Data for review:
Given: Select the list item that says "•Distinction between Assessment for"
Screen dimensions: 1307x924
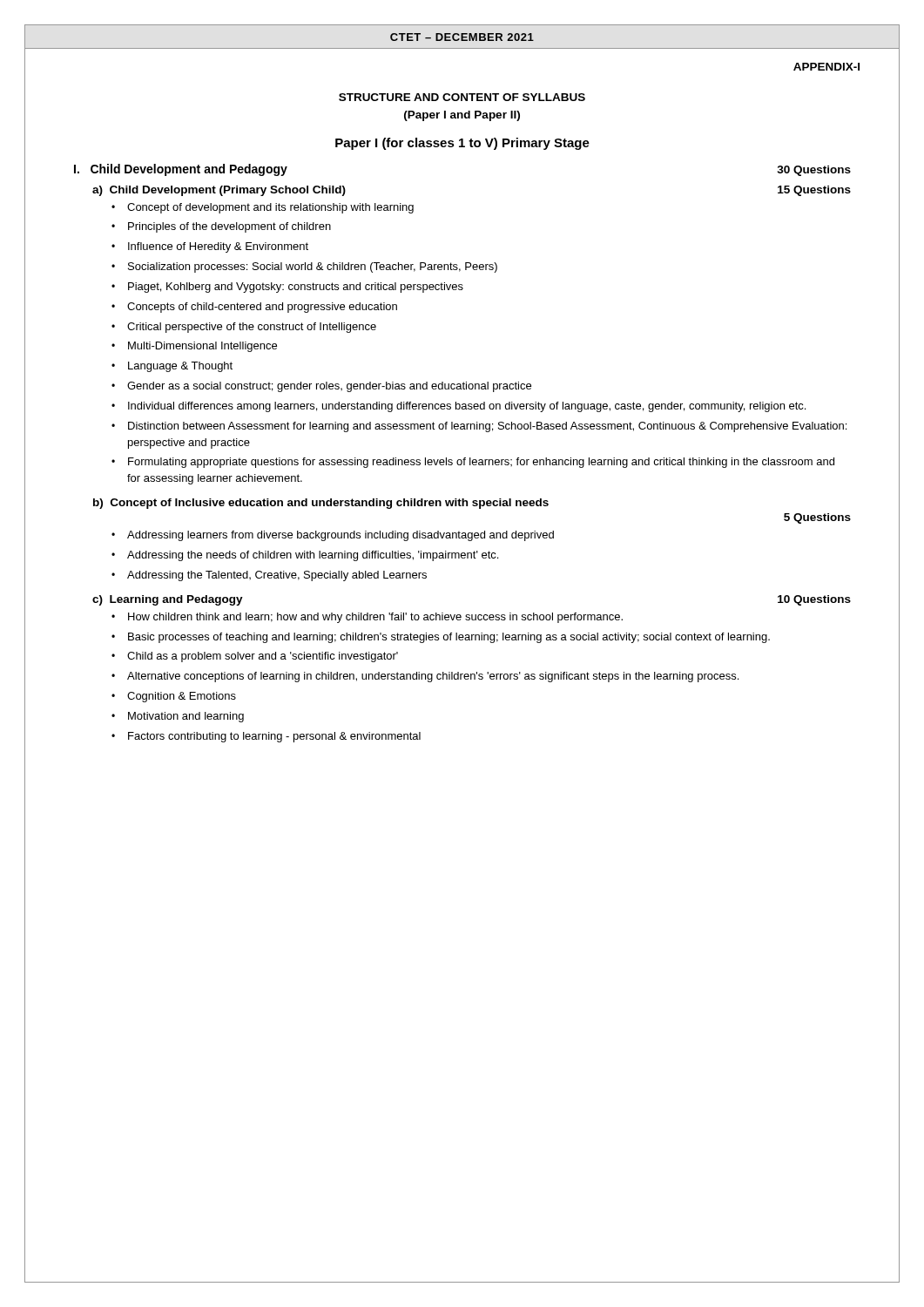Looking at the screenshot, I should (481, 435).
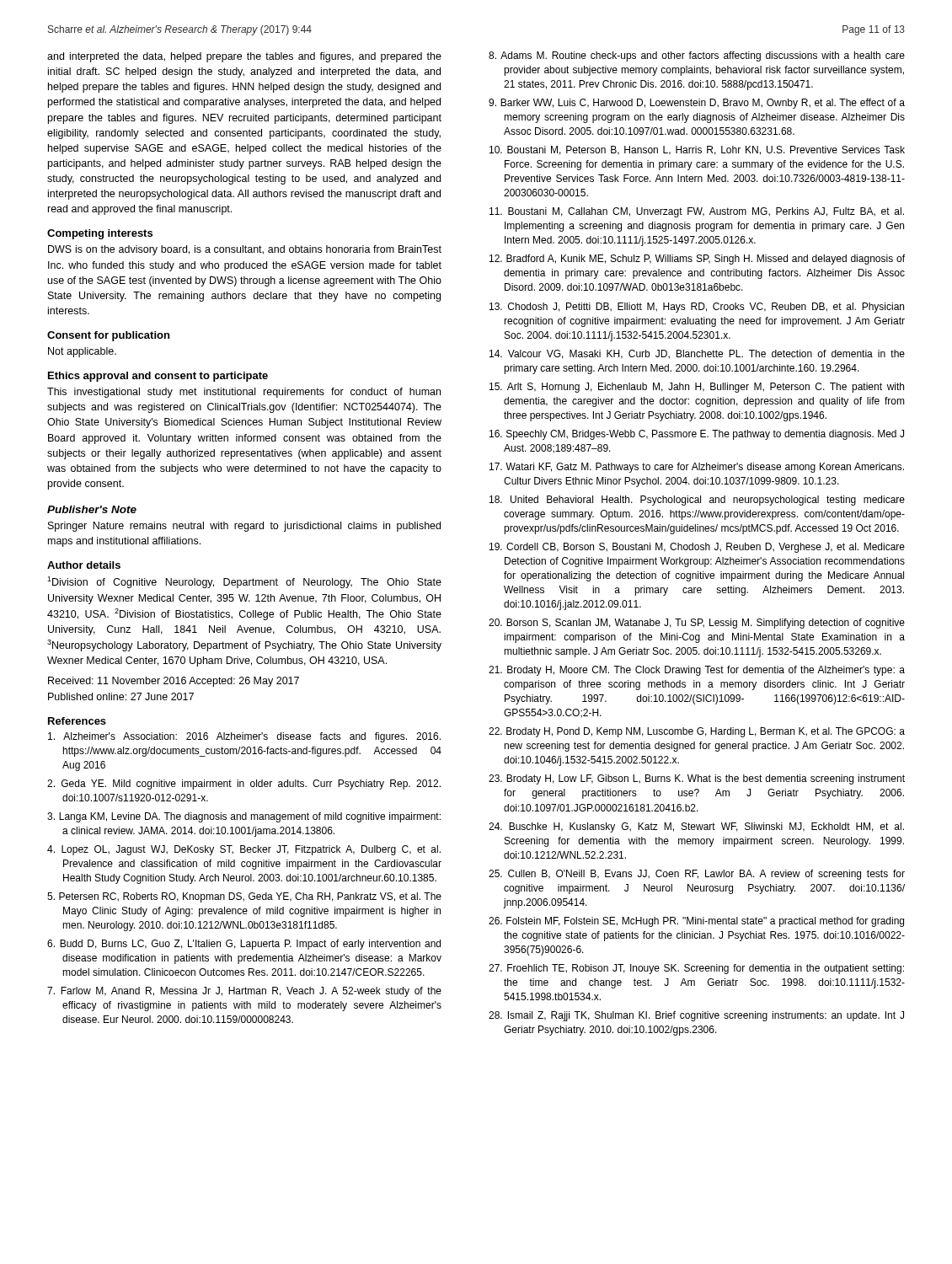Click the passage that begins "4. Lopez OL, Jagust WJ, DeKosky ST, Becker"

tap(244, 864)
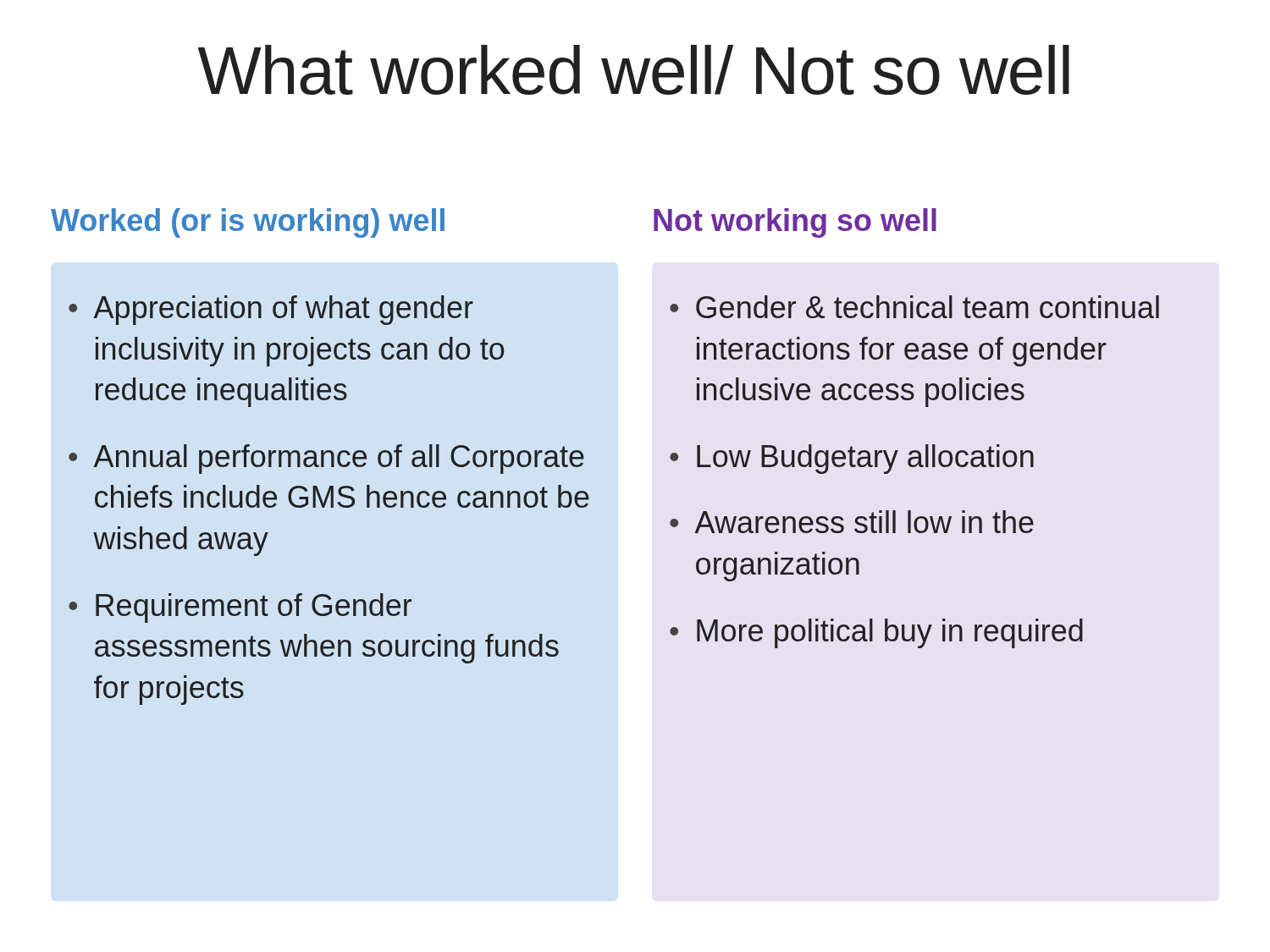Select the element starting "• Low Budgetary allocation"

click(852, 457)

Problem statement: Drop every picture from the data, then output all the rest exactly.

Reply:
Given: Select the list item that says "•Distinction between Assessment for"
Screen dimensions: 1307x924
Looking at the screenshot, I should (481, 435).
Click the passage that begins "4. Lopez OL, Jagust WJ, DeKosky ST, Becker"

tap(244, 864)
Select the element starting "• Low Budgetary allocation"

click(852, 457)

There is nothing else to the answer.